Jean-Luc Godard sat down in Switzerland the other day with British reporter Fiachra Gibbons and dished about being 80, making his last films and how the internet has taken over everthing. It was quite a conversation and worth repeating in parts.
'"Film is over. The auteur is dead. The future is cut-and-paste movie mashups." Like that.
Gibbons was in Switzerland to talk with Godard about his latest movie "Film Socialisme," which the Guardian calls "the latest salvo in his 40-year war against Hollywood."
Gibbons' take? "'Film Socialisme' is vintage late-Godard in all its baffling glory: a numbing assault on the eyes, brain and the buttocks, that takes liberties with your patience and mental endurance, but has an undeniable originality. There is no story of course, heavens no.
Instead, we are at sea on a cacophonous Mediterranean cruise ship, a floating Las Vegas drowning in over-consumption, where a Greek chorus of actors and philosophers wander among the middle-aged passengers quoting Bismarck, Beckett, Derrida, Conrad and Goethe in French, German, Russian and Arabic."
It's not going to attract a large audience, but it will play well with college students, Marxists and old Godard fans the world over.
Me, baby boomer Franophile that I am, I love Godard. From "Breathless" to "Weekend," I could never get enough of him. I still love the guy. He's nuts, but so is the world we live in.
I spent the winter of 1969 in Paris watching every movie I could set my eyes on at the Cinemateque there. Every day. Day and night. I was hooked. I'm still hooked on movies. When I saw "Cinema Paradiso" I saw Godard in the aisles. When I saw "Night Market Hero" recently here in Taiwan, I saw Godard in the wings.
Godard's diehard disciples see it not just as a metaphor for Europe – a ship of aging malcontents adrift in their own history – but as a manifesto for a "new republic of images," free from the dead hand of corporate ownership and intellectual property laws.
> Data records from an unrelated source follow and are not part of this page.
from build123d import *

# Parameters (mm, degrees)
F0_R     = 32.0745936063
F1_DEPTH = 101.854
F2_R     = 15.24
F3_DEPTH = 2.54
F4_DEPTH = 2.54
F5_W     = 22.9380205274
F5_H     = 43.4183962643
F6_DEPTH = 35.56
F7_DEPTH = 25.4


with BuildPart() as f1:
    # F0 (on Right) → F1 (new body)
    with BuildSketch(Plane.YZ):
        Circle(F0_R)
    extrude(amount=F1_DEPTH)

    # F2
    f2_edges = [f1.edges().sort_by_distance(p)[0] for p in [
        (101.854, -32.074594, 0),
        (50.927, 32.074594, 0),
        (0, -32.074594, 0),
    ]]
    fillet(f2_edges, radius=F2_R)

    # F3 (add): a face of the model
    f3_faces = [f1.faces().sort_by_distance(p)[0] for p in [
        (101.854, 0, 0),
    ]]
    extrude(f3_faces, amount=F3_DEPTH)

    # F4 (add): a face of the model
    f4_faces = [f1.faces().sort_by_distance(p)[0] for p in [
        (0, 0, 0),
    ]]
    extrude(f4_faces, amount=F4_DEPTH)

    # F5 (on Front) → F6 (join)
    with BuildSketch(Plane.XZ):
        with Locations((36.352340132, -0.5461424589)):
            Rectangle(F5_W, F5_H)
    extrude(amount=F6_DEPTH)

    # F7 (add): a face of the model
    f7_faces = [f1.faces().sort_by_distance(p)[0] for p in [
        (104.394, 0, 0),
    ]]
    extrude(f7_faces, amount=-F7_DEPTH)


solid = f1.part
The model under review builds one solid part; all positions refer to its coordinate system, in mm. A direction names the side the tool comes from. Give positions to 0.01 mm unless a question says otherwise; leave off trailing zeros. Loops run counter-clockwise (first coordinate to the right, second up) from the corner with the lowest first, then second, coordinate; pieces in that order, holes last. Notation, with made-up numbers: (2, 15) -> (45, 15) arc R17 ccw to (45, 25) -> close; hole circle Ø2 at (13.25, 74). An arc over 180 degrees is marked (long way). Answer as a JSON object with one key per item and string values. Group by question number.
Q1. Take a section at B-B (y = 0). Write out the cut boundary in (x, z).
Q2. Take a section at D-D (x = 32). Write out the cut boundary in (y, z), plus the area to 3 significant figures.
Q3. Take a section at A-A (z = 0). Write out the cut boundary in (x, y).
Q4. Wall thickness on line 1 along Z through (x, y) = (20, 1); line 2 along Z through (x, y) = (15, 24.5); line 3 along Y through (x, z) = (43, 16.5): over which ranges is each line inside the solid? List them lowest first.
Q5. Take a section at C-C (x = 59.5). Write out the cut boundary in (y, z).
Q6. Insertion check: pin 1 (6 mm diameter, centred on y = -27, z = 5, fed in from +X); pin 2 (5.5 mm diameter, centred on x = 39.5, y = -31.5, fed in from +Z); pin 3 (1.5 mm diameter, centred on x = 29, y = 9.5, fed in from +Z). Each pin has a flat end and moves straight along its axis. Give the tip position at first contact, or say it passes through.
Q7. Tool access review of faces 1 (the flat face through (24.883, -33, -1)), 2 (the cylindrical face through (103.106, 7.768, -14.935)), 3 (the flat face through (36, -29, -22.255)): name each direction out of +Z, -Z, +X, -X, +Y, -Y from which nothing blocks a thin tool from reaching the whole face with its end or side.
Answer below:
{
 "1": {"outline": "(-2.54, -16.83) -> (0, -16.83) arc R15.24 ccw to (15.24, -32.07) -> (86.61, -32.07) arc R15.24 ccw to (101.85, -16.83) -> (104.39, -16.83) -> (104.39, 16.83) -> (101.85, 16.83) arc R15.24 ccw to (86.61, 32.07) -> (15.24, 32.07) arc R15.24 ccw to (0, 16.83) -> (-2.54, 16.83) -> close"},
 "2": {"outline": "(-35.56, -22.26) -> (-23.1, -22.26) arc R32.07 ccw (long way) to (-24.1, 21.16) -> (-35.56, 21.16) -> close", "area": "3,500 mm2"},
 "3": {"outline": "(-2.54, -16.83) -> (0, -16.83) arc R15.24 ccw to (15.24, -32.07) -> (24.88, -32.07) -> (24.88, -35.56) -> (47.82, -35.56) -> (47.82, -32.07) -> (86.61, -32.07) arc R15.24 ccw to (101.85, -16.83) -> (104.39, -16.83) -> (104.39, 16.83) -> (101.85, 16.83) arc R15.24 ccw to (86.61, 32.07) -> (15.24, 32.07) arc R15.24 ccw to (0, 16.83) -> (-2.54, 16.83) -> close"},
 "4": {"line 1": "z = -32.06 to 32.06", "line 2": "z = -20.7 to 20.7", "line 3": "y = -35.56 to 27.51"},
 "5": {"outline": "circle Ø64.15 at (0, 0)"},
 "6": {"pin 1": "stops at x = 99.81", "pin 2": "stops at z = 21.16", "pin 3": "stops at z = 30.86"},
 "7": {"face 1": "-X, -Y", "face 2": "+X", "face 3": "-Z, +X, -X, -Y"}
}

This new cinema will be cut and pasted together in a world beyond copyright, where droit d'auteur will soon seem as medieval as droit du seigneur.
Until now, Godard has shed little light on his creation, having gone AWOL just as the film was premiered at Cannes this year, leaving only the message: "Because of Greek-style problems, I cannot oblige you at Cannes. I would go to the death for the festival, but not a step further."
Sure, Godard is the guy who famously said "a story should have a beginning, a middle and an end, but not necessarily in that order." I think he was kidding.
But once Gibbons gets Godard talking, the quotes come fast and furious:
>> About Hollywood, or at least the Hollywood of the 1930s-1950s, Godard says: ""They could make films like no one else could. Now even the Norwegians can make films as bad as the Americans."
>> When Gibbons asks Jean-luc about about the apparent pressures of being seen as ''the auteur's auteur, a permanent visionary'', Godard replies: "I am not an auteur, well, not now anyway. We once believed we were auteurs but we weren't. We had no idea, really. Film is over. It's sad nobody is really exploring it. But what to do? And anyway, with mobile phones and everything, everyone is now an auteur."
>> About Godard's infamously controversial attitudes toward "les juifs," he tells the Guardian: "My answer to the person who will never ask me the right question about [my new movie ] is that the image I really like is the one about Palestine, the trapeze artists." (This is a metaphor for the beauty that will be born the day Jews and Arabs learn to work together, opines the leftwing Gibbons of the leftwing Guardian.)
>> Gibbons quotes ultra-trendy French ''philosophe'' Bernard Henri-Lévy — BHL — who has worked with Godard on a number of uncompleted and aborted projects about "the Jewish being," as saying of Godard that he is a man "trying to cure himself of his anti-Semitism." In his flic ''Film Socialisme," Godard again puts his hand in the wasps' nest — writes Gibbons — with such lines as: "How strange that Hollywood should be invented by the Jews."
Godard, of course, denies in the Guardian interview that he is anti-Semtiic or an antisemite. But my own take on Godard's attitude towards Jews is that he merely mirrors the entire history of Christendom. Every page of the the so-called "New" Testament has poisoned Europe and America with its centuries-old trumped-up charges of "the Jews killed Jesus" nonsense.
Every Christian who believes that Jesus is the only way to find God is a Scriptural anti-Semite, if truth be told. Godard is just a stupid man who inherited his anti-Semitism from centuries of the European disease.
Okay, what's Godard got on his plate next, as he sails into his 80s?
It's an unshot film titled "Adieu to Language", and according to the Guardian, "it's about 'a couple and a dog, and life and death and everything else.''
Just remember this when it comes to Godard: "Everyone is an auteur now. Film is over."